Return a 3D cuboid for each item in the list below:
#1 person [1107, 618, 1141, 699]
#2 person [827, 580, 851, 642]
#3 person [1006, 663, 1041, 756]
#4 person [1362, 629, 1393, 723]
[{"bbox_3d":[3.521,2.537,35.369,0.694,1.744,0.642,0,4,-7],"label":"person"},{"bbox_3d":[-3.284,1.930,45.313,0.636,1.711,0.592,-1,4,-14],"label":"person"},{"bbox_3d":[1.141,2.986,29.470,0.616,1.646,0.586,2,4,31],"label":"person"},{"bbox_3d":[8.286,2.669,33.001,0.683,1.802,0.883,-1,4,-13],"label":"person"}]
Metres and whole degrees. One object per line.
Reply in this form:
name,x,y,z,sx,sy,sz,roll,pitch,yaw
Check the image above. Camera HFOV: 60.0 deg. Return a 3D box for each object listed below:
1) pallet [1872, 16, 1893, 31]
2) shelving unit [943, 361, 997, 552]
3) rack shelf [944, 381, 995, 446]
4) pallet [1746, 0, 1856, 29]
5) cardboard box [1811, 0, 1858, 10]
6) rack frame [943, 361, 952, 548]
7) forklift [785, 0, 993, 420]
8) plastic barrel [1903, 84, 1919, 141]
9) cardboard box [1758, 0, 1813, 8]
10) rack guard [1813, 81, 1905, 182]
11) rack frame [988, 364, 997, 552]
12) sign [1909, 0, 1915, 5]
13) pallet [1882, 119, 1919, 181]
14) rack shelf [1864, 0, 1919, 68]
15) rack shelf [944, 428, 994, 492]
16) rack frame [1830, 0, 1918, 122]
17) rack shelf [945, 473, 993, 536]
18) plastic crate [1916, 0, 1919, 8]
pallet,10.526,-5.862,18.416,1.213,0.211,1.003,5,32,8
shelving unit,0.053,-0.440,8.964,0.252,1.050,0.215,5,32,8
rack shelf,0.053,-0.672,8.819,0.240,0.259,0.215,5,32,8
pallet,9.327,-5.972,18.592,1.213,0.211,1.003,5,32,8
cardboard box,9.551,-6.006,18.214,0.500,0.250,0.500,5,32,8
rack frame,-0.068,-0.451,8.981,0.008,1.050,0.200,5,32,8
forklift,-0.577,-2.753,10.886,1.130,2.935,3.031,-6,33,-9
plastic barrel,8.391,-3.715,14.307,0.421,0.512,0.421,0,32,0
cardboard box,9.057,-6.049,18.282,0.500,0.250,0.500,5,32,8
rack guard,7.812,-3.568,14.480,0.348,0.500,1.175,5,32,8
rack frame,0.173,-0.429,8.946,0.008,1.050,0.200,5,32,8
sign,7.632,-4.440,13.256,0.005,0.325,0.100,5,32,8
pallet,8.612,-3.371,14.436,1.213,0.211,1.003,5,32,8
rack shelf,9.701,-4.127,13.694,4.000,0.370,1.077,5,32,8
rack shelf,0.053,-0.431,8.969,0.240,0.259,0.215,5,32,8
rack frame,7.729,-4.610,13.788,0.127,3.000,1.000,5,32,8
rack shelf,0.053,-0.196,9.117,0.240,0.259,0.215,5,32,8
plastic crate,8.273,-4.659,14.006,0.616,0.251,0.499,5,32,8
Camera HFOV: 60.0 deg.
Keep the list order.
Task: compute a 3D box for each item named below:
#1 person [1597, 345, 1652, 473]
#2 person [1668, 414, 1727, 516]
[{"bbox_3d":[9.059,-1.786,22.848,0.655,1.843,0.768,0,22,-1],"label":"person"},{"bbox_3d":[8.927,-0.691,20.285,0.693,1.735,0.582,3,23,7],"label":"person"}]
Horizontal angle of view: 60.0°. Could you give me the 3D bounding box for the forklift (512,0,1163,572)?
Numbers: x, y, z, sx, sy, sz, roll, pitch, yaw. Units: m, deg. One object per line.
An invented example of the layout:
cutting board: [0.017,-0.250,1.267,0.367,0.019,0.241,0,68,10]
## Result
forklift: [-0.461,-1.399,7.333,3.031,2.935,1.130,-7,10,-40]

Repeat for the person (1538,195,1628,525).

#### Try it:
Write the data out again. Match it exactly.

#### Result of this exercise:
Return a 3D cuboid for each item in the list below:
#1 person [1107, 618, 1141, 699]
#2 person [827, 580, 851, 642]
#3 person [1006, 663, 1041, 756]
#4 person [1362, 629, 1393, 723]
[{"bbox_3d":[3.521,2.537,35.369,0.694,1.744,0.642,0,4,-7],"label":"person"},{"bbox_3d":[-3.284,1.930,45.313,0.636,1.711,0.592,-1,4,-14],"label":"person"},{"bbox_3d":[1.141,2.986,29.470,0.616,1.646,0.586,2,4,31],"label":"person"},{"bbox_3d":[8.286,2.669,33.001,0.683,1.802,0.883,-1,4,-13],"label":"person"}]
Metres and whole degrees. One object per line.
Reply in this form:
name,x,y,z,sx,sy,sz,roll,pitch,yaw
Check the image above. Camera HFOV: 60.0 deg. Return a 3D box for each object listed below:
1) pallet [1872, 16, 1893, 31]
2) shelving unit [943, 361, 997, 552]
3) rack shelf [944, 381, 995, 446]
4) pallet [1746, 0, 1856, 29]
5) cardboard box [1811, 0, 1858, 10]
6) rack frame [943, 361, 952, 548]
7) forklift [785, 0, 993, 420]
8) plastic barrel [1903, 84, 1919, 141]
9) cardboard box [1758, 0, 1813, 8]
10) rack guard [1813, 81, 1905, 182]
11) rack frame [988, 364, 997, 552]
12) sign [1909, 0, 1915, 5]
13) pallet [1882, 119, 1919, 181]
14) rack shelf [1864, 0, 1919, 68]
15) rack shelf [944, 428, 994, 492]
16) rack frame [1830, 0, 1918, 122]
17) rack shelf [945, 473, 993, 536]
18) plastic crate [1916, 0, 1919, 8]
pallet,10.526,-5.862,18.416,1.213,0.211,1.003,5,32,8
shelving unit,0.053,-0.440,8.964,0.252,1.050,0.215,5,32,8
rack shelf,0.053,-0.672,8.819,0.240,0.259,0.215,5,32,8
pallet,9.327,-5.972,18.592,1.213,0.211,1.003,5,32,8
cardboard box,9.551,-6.006,18.214,0.500,0.250,0.500,5,32,8
rack frame,-0.068,-0.451,8.981,0.008,1.050,0.200,5,32,8
forklift,-0.577,-2.753,10.886,1.130,2.935,3.031,-6,33,-9
plastic barrel,8.391,-3.715,14.307,0.421,0.512,0.421,0,32,0
cardboard box,9.057,-6.049,18.282,0.500,0.250,0.500,5,32,8
rack guard,7.812,-3.568,14.480,0.348,0.500,1.175,5,32,8
rack frame,0.173,-0.429,8.946,0.008,1.050,0.200,5,32,8
sign,7.632,-4.440,13.256,0.005,0.325,0.100,5,32,8
pallet,8.612,-3.371,14.436,1.213,0.211,1.003,5,32,8
rack shelf,9.701,-4.127,13.694,4.000,0.370,1.077,5,32,8
rack shelf,0.053,-0.431,8.969,0.240,0.259,0.215,5,32,8
rack frame,7.729,-4.610,13.788,0.127,3.000,1.000,5,32,8
rack shelf,0.053,-0.196,9.117,0.240,0.259,0.215,5,32,8
plastic crate,8.273,-4.659,14.006,0.616,0.251,0.499,5,32,8
Camera HFOV: 60.0 deg.
Keep the list order.
Task: compute a 3D box for each item named below:
#1 person [1597, 345, 1652, 473]
#2 person [1668, 414, 1727, 516]
[{"bbox_3d":[9.059,-1.786,22.848,0.655,1.843,0.768,0,22,-1],"label":"person"},{"bbox_3d":[8.927,-0.691,20.285,0.693,1.735,0.582,3,23,7],"label":"person"}]
Horizontal angle of view: 60.0°. Could you give me the 3D bounding box for the forklift (512,0,1163,572)?
Numbers: x, y, z, sx, sy, sz, roll, pitch, yaw. Units: m, deg. One object per line.
An invented example of the layout:
cutting board: [0.017,-0.250,1.267,0.367,0.019,0.241,0,68,10]
## Result
forklift: [-0.461,-1.399,7.333,3.031,2.935,1.130,-7,10,-40]

Repeat for the person (1538,195,1628,525).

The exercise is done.